Comment 14 for bug 1185394

Revision history for this message
Martin Pitt (pitti) wrote :

Stefan and I debugged and discussed that. The new udev has a reduced number of parallel workers now (performance optimization, see Harald Hoyer's measurements), which potentially leads to more serialization for a huge number of events (as we get in initramfs by calling udevadm trigger). This is one of the relevant changes between 175 and 202, as Stefan pointed out in comment 7.

Our 0024-avoid-exit-deadlock-for-dm_cookie.patch only keeps those workers running which process an uevent with DM_COOKIE. But that doesn't catch the majority of the LVM related events (only the kernel-generated change events on LVs after the virtual->physical mapping has been set up). All the add events, as well as the change events for the other block devices would still go to nirvana (i. e. the time between shutting down udev in initramfs and bringing it back up in the real system).

We tried to trigger a change event for the missing LVs, but that does not work as "vgchange -a y" already has all the /dev/dm-* set up, sees no change, and thus does not cause a proper change event for the LV to be generated. Hence the symlinks aren't created by our /etc/init/udevtrigger.conf job. What does work is to "dmsetup remove" the affected LVs and then call vgchange to re-add them, but finding the affected LVs and doing that for all of them would duplicate a lot of the work which is already happening in initramfs anyway, and thus be rather expensive. It seems much more efficient to me to just do that detection once, and just wait in initramfs until all LVs are complete.

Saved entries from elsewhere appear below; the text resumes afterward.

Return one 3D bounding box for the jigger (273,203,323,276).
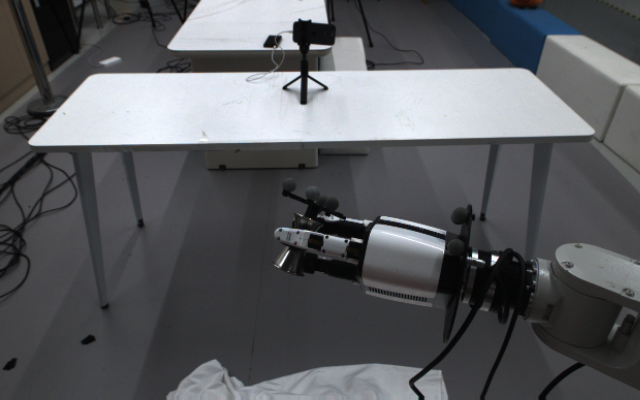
[{"bbox_3d":[-0.027,0.052,0.584,0.043,0.071,0.043,24,-3,1],"label":"jigger"}]
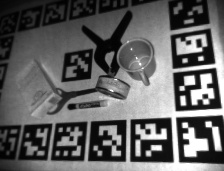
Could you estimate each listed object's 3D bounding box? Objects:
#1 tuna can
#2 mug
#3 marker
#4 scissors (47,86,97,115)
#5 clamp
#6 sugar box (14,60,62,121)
[{"bbox_3d":[0.004,0.009,0.554,0.085,0.087,0.034,11,77,24],"label":"tuna can"},{"bbox_3d":[0.062,-0.046,0.556,0.093,0.082,0.116,-32,61,8],"label":"mug"},{"bbox_3d":[-0.080,0.062,0.605,0.120,0.020,0.019,-10,70,18],"label":"marker"},{"bbox_3d":[-0.123,0.027,0.630,0.201,0.016,0.087,-16,64,13],"label":"scissors"},{"bbox_3d":[-0.011,-0.114,0.639,0.164,0.037,0.202,-16,69,15],"label":"clamp"},{"bbox_3d":[-0.228,0.012,0.657,0.093,0.046,0.174,-40,57,4],"label":"sugar box"}]
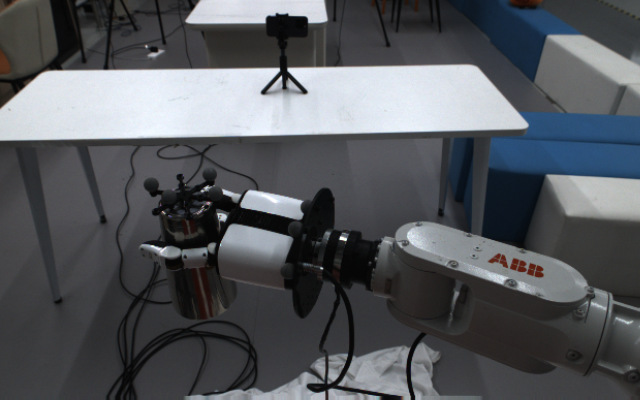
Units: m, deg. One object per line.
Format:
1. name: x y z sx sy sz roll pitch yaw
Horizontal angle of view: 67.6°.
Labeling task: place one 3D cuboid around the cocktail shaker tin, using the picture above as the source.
1. cocktail shaker tin: -0.160 0.066 0.638 0.093 0.170 0.093 1 39 0
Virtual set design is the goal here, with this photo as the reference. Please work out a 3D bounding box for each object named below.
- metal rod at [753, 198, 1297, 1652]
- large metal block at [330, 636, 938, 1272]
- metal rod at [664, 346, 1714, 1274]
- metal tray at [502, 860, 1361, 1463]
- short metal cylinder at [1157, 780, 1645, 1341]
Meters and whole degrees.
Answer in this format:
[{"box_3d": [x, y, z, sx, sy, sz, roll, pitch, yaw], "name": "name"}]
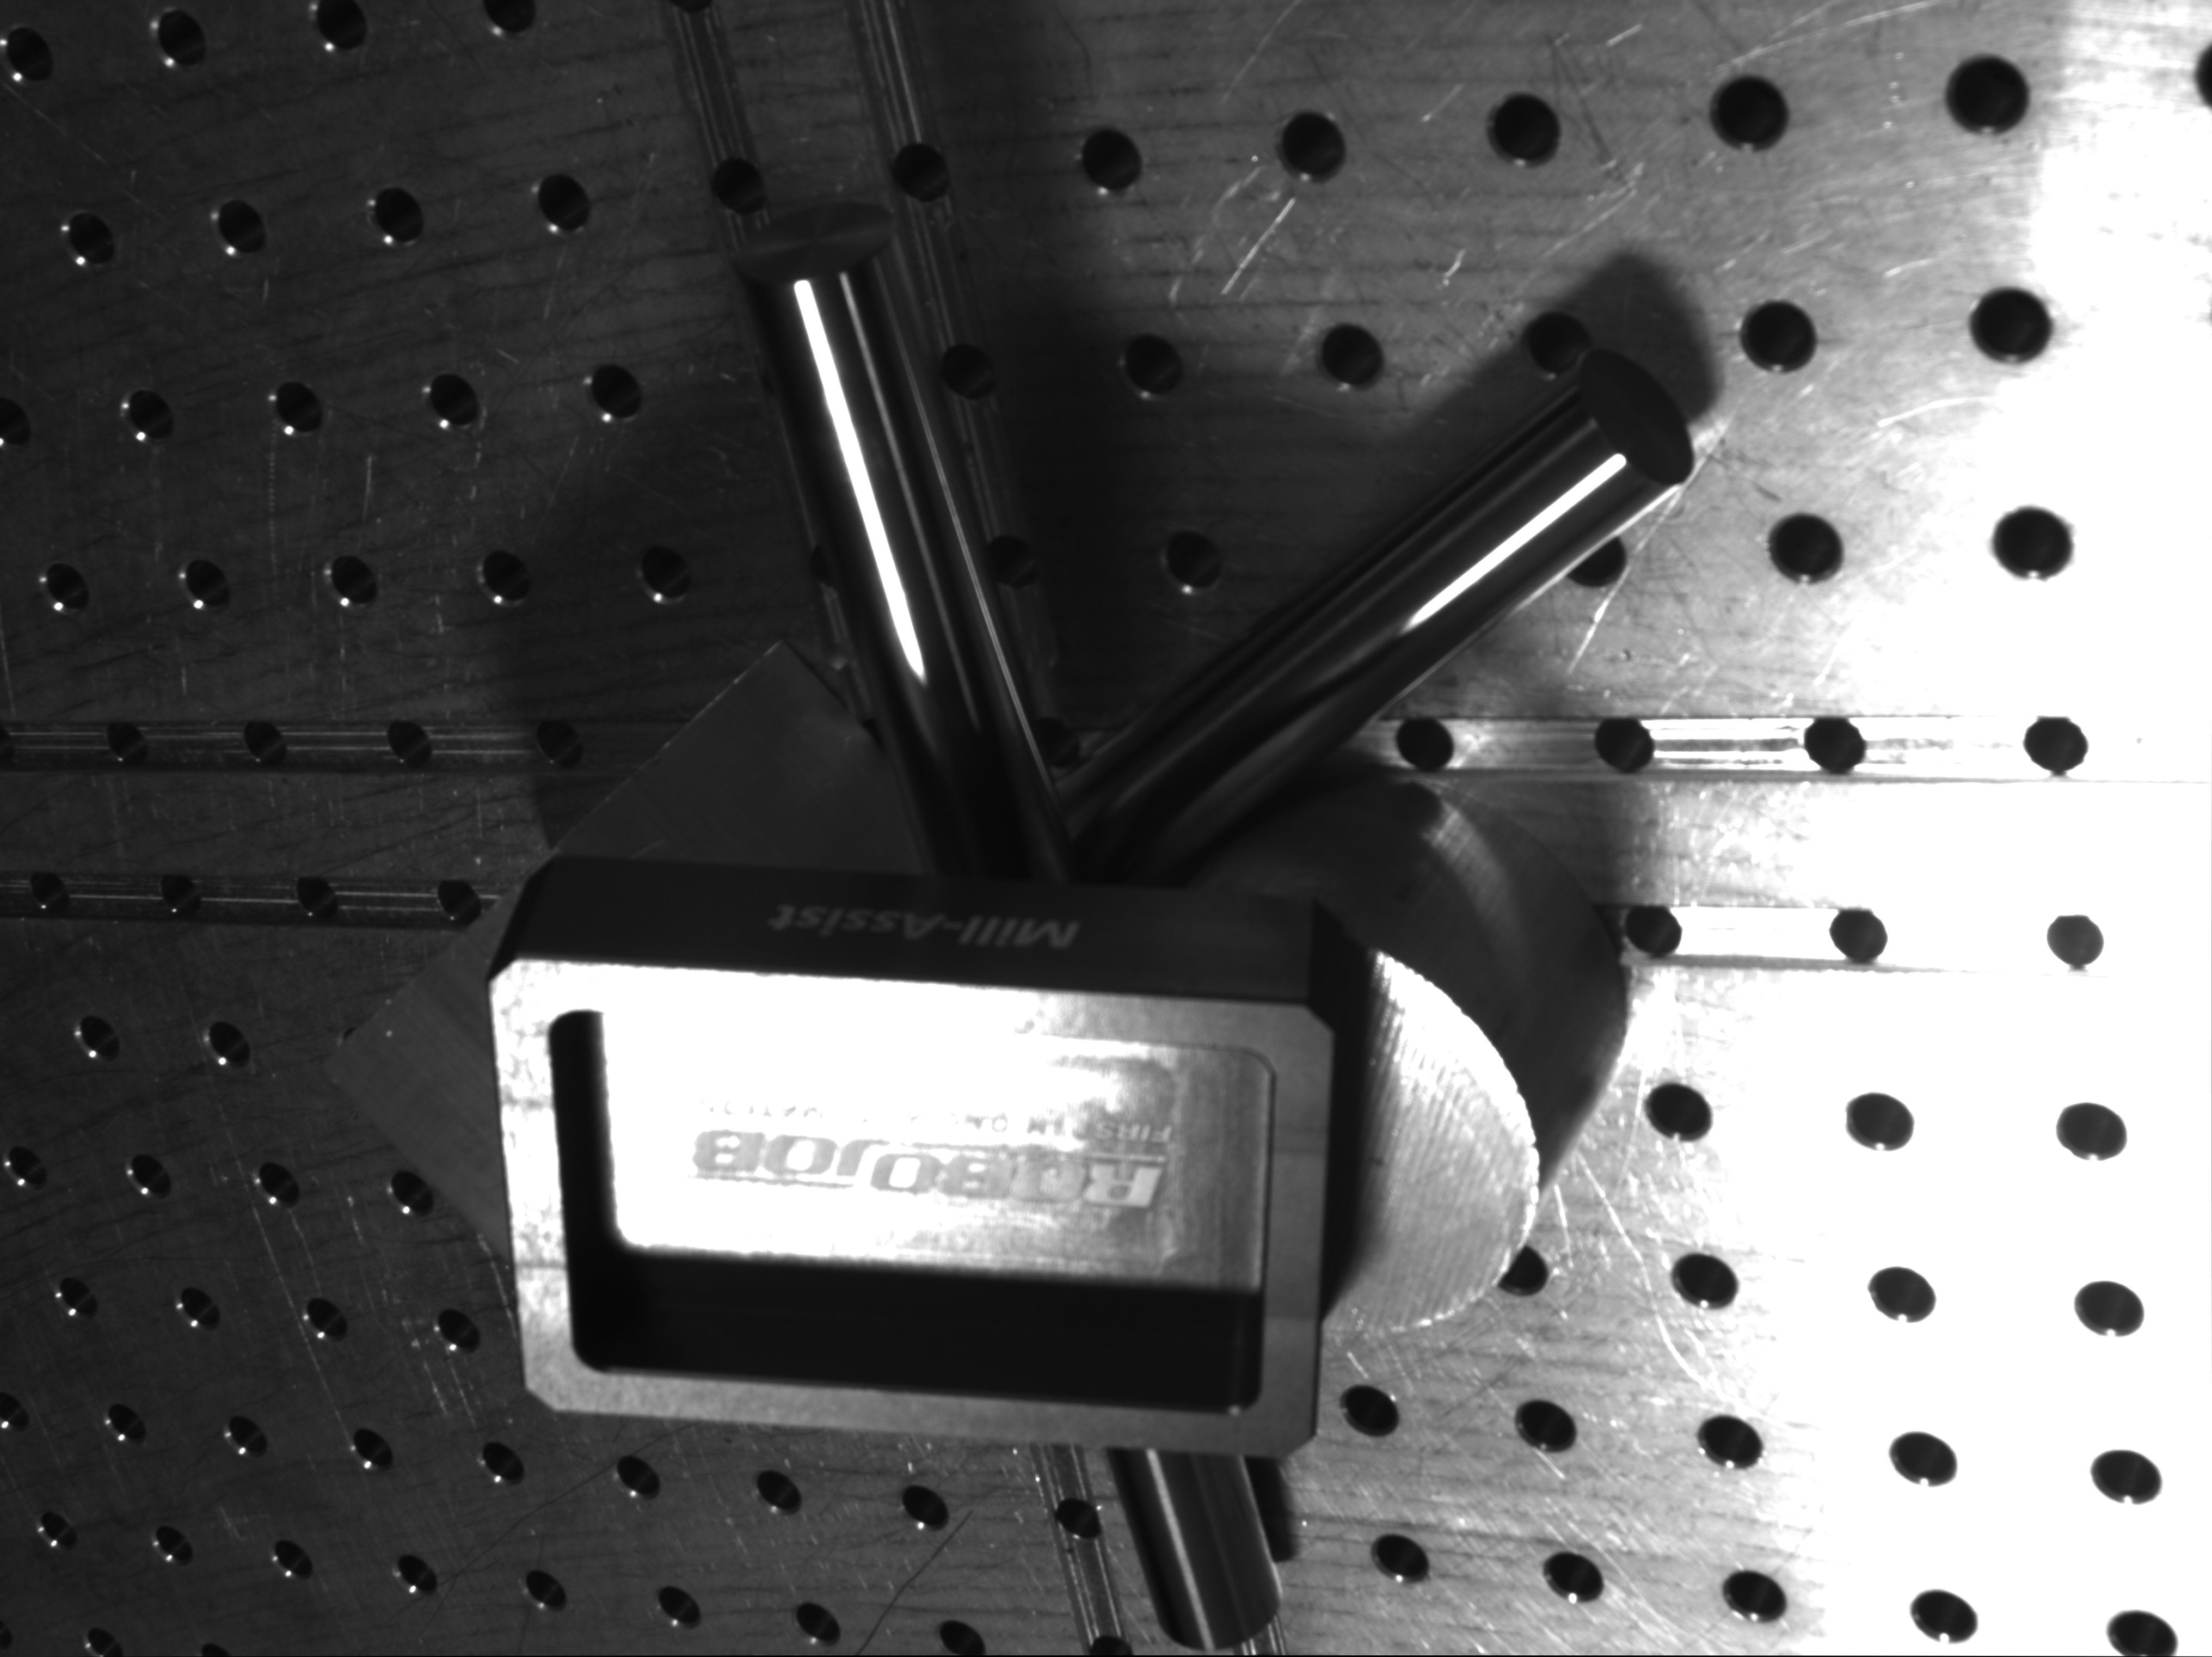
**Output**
[{"box_3d": [-0.008, 0.032, 0.628, 0.025, 0.025, 0.300, 4, 129, 25], "name": "metal rod"}, {"box_3d": [-0.078, 0.022, 0.651, 0.050, 0.080, 0.080, 47, 128, -6], "name": "large metal block"}, {"box_3d": [-0.010, 0.011, 0.646, 0.025, 0.025, 0.299, 47, 128, -6], "name": "metal rod"}, {"box_3d": [-0.026, 0.054, 0.587, 0.130, 0.030, 0.090, 3, 121, 4], "name": "metal tray"}, {"box_3d": [0.045, 0.039, 0.617, 0.080, 0.050, 0.080, 12, 123, 20], "name": "short metal cylinder"}]
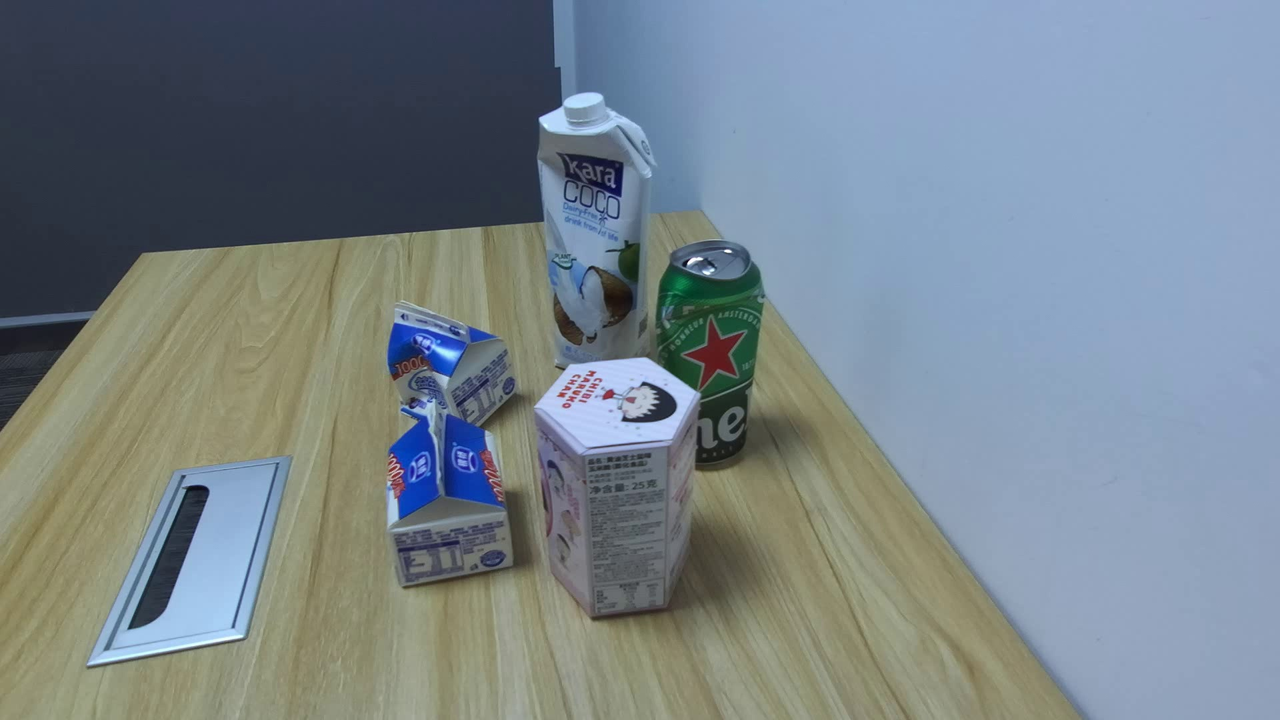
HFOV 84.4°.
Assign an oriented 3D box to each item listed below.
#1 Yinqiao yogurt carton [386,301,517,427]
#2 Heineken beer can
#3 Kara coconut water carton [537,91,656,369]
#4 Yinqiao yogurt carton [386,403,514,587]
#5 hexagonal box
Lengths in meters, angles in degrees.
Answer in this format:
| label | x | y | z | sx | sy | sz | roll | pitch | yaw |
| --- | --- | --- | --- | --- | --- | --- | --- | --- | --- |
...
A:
| label | x | y | z | sx | sy | sz | roll | pitch | yaw |
| --- | --- | --- | --- | --- | --- | --- | --- | --- | --- |
| Yinqiao yogurt carton | -0.155 | 0.000 | 0.566 | 0.077 | 0.094 | 0.071 | 19 | 43 | 25 |
| Heineken beer can | 0.051 | -0.001 | 0.510 | 0.077 | 0.164 | 0.066 | -3 | 34 | 0 |
| Kara coconut water carton | -0.035 | -0.095 | 0.577 | 0.114 | 0.239 | 0.069 | 18 | 40 | 25 |
| Yinqiao yogurt carton | -0.124 | 0.082 | 0.451 | 0.074 | 0.092 | 0.075 | -8 | 36 | -13 |
| hexagonal box | -0.013 | 0.077 | 0.419 | 0.083 | 0.136 | 0.091 | 13 | 36 | 17 |
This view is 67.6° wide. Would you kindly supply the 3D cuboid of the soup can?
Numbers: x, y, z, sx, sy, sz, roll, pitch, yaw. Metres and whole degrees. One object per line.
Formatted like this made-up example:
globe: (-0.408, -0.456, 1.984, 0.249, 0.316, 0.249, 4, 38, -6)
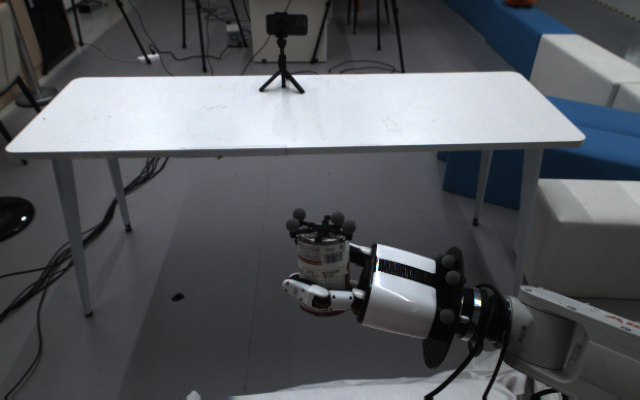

http://people.canonical.com/~pitti/tmp/systemd/ (202-0ubuntu11pitti2) does that approach now: It "udevadm settle"s in udev's initramfs-bottom script IF lvm2 is installed (we could also check for /sys/block/dm-*, but that's racy; we rather err on the side of doing an unnecessary settle), and disables 0024-avoid-exit-deadlock-for-dm_cookie.patch as the settle achieves the same goal in a more complete way.